Does anybody have any proposition of how to overcome this problem without upgrading first to FreeBSD 9.x?


----------



## trh411 (Jan 4, 2014)

You might want to consider @wblock@'s suggestion in post https://forums.freebsd.org/viewtopic.php?f=4&t=43974, which will avoid the interim upgrade to FreeBSD-9.x before upgrading to FreeBSD-10.0. That OP's situation was more drastic than yours, but I think the same solution could apply equally as well to your situation.


----------



## TVT (Jan 4, 2014)

*Re: Upgrading from FBSD 8.4p5 to 10.0RC4*

Mmm... @wblock@'s approach seems to be a bit tedious. I have used dump+restore when porting a system from a malfunctioning drive to a brand new one and it was somewhat nervous.

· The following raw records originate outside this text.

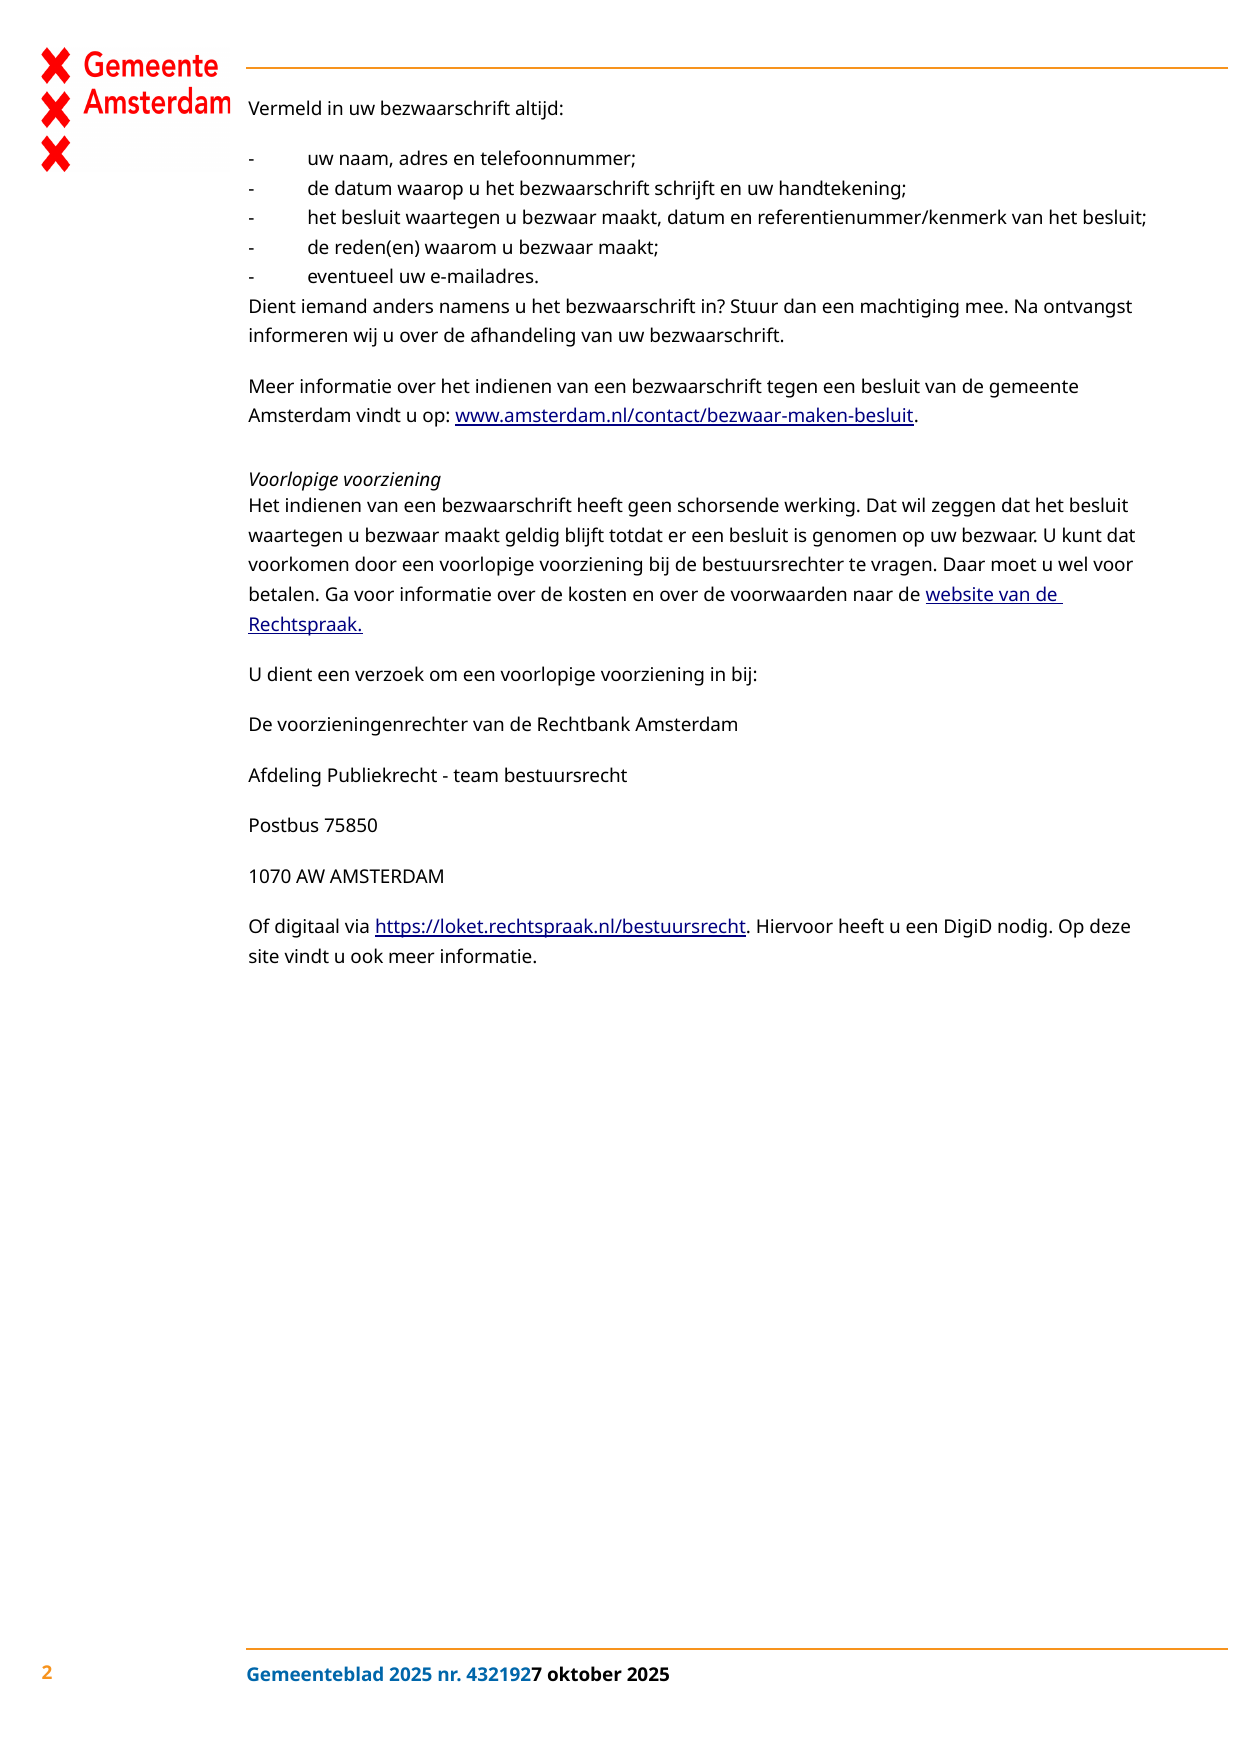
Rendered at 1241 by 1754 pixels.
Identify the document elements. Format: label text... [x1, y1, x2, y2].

text De voorzieningenrechter van de Rechtbank Amsterdam [248, 712, 1152, 737]
text Voorlopige voorziening [248, 467, 1152, 492]
text Meer informatie over het indienen van een bezwaarschrift tegen een besluit van de gemeente Amsterdam vindt u op: www.amsterdam.nl/contact/bezwaar-maken-besluit. [248, 373, 1152, 428]
list eventueel uw e-mailadres. [248, 263, 1152, 289]
text U dient een verzoek om een voorlopige voorziening in bij: [248, 661, 1152, 687]
list uw naam, adres en telefoonnummer; [248, 145, 1152, 171]
text Afdeling Publiekrecht - team bestuursrecht [248, 762, 1152, 788]
text Vermeld in uw bezwaarschrift altijd: [248, 95, 1152, 121]
text Het indienen van een bezwaarschrift heeft geen schorsende werking. Dat wil zeggen dat het besluit waartegen u bezwaar maakt geldig blijft totdat er een besluit is genomen op uw bezwaar. U kunt dat voorkomen door een voorlopige voorziening bij de bestuursrechter te vragen. Daar moet u wel voor betalen. Ga voor informatie over de kosten en over de voorwaarden naar de website van de Rechtspraak. [248, 492, 1152, 636]
list de reden(en) waarom u bezwaar maakt; [248, 234, 1152, 260]
text Dient iemand anders namens u het bezwaarschrift in? Stuur dan een machtiging mee. Na ontvangst informeren wij u over de afhandeling van uw bezwaarschrift. [248, 293, 1152, 348]
text Postbus 75850 [248, 812, 1152, 838]
text 1070 AW AMSTERDAM [248, 863, 1152, 888]
list het besluit waartegen u bezwaar maakt, datum en referentienummer/kenmerk van het besluit; [248, 204, 1152, 230]
list de datum waarop u het bezwaarschrift schrijft en uw handtekening; [248, 175, 1152, 201]
text Of digitaal via https://loket.rechtspraak.nl/bestuursrecht. Hiervoor heeft u een DigiD nodig. Op deze site vindt u ook meer informatie. [248, 913, 1152, 968]
picture [41, 47, 231, 172]

I suspect it is yet easier to upgrade to 9.2 and then to 10.0.

Upgrade via 9.2 is not too big a problem for me though I'd prefer to avoid it. The surprise for me is that the FreeBSD DVD showed it's not accommodated to be a reliable _upgrade failure recovery environment_. Or is it?


----------



## trh411 (Jan 4, 2014)

*Re: Upgrading from FBSD 8.4p5 to 10.0RC4*

The nice thing about having options is that you can pick the one that you think will work best for you and with which you feel most comfortable.



			
				TVT said:
			
		

> The surprise for me is that the FreeBSD DVD showed it's not accommodated to be a reliable _upgrade failure recovery environment_. Or is it?

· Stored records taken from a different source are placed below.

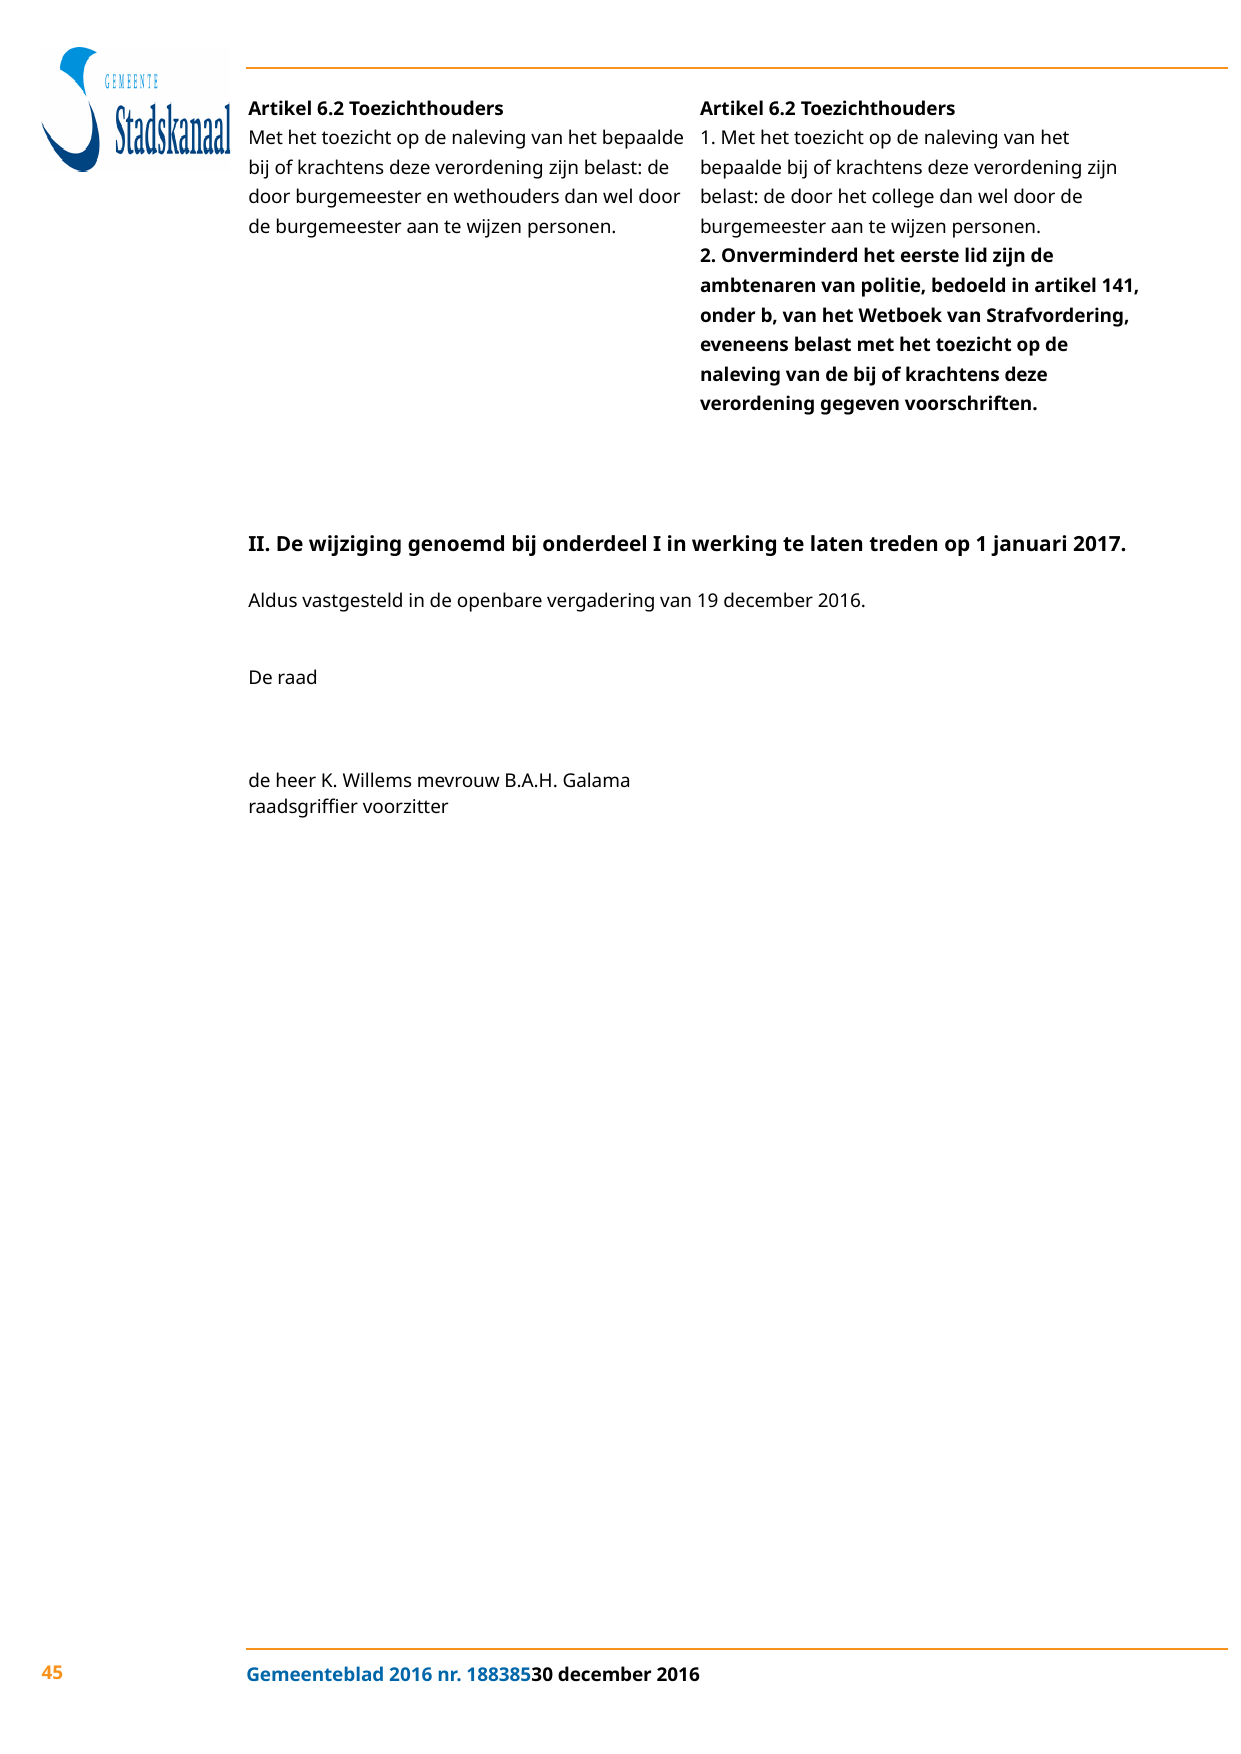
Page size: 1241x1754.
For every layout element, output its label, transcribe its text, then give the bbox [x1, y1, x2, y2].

text II. De wijziging genoemd bij onderdeel I in werking te laten treden op 1 januari 2017. [248, 529, 1152, 558]
text raadsgriffier voorzitter [248, 793, 1152, 819]
text De raad [248, 664, 1152, 690]
table_cell Artikel 6.2 Toezichthouders 1. Met het toezicht op de naleving van het bepaalde bij of krachtens deze verordening zijn belast: de door het college dan wel door de burgemeester aan te wijzen personen. 2. Onverminderd het eerste lid zijn de ambtenaren van politie, bedoeld in artikel 141, onder b, van het Wetboek van Strafvordering, eveneens belast met het toezicht op de naleving van de bij of krachtens deze verordening gegeven voorschriften. [700, 95, 1152, 446]
text de heer K. Willems mevrouw B.A.H. Galama [248, 767, 1152, 793]
picture [41, 47, 231, 172]
table_cell Artikel 6.2 Toezichthouders Met het toezicht op de naleving van het bepaalde bij of krachtens deze verordening zijn belast: de door burgemeester en wethouders dan wel door de burgemeester aan te wijzen personen. [248, 95, 700, 446]
text Aldus vastgesteld in de openbare vergadering van 19 december 2016. [248, 587, 1152, 613]

If by _upgrade failure recovery environment_ you mean can the installation DVD be used to directly recover a system, the answer is no. It is not disaster recovery media, it is installation media. Having said that, the DVD does have a "live" option that will allow you to run FreeBSD from DVD. From there you can perform certain repair operations on the underlying FreeBSD system.


----------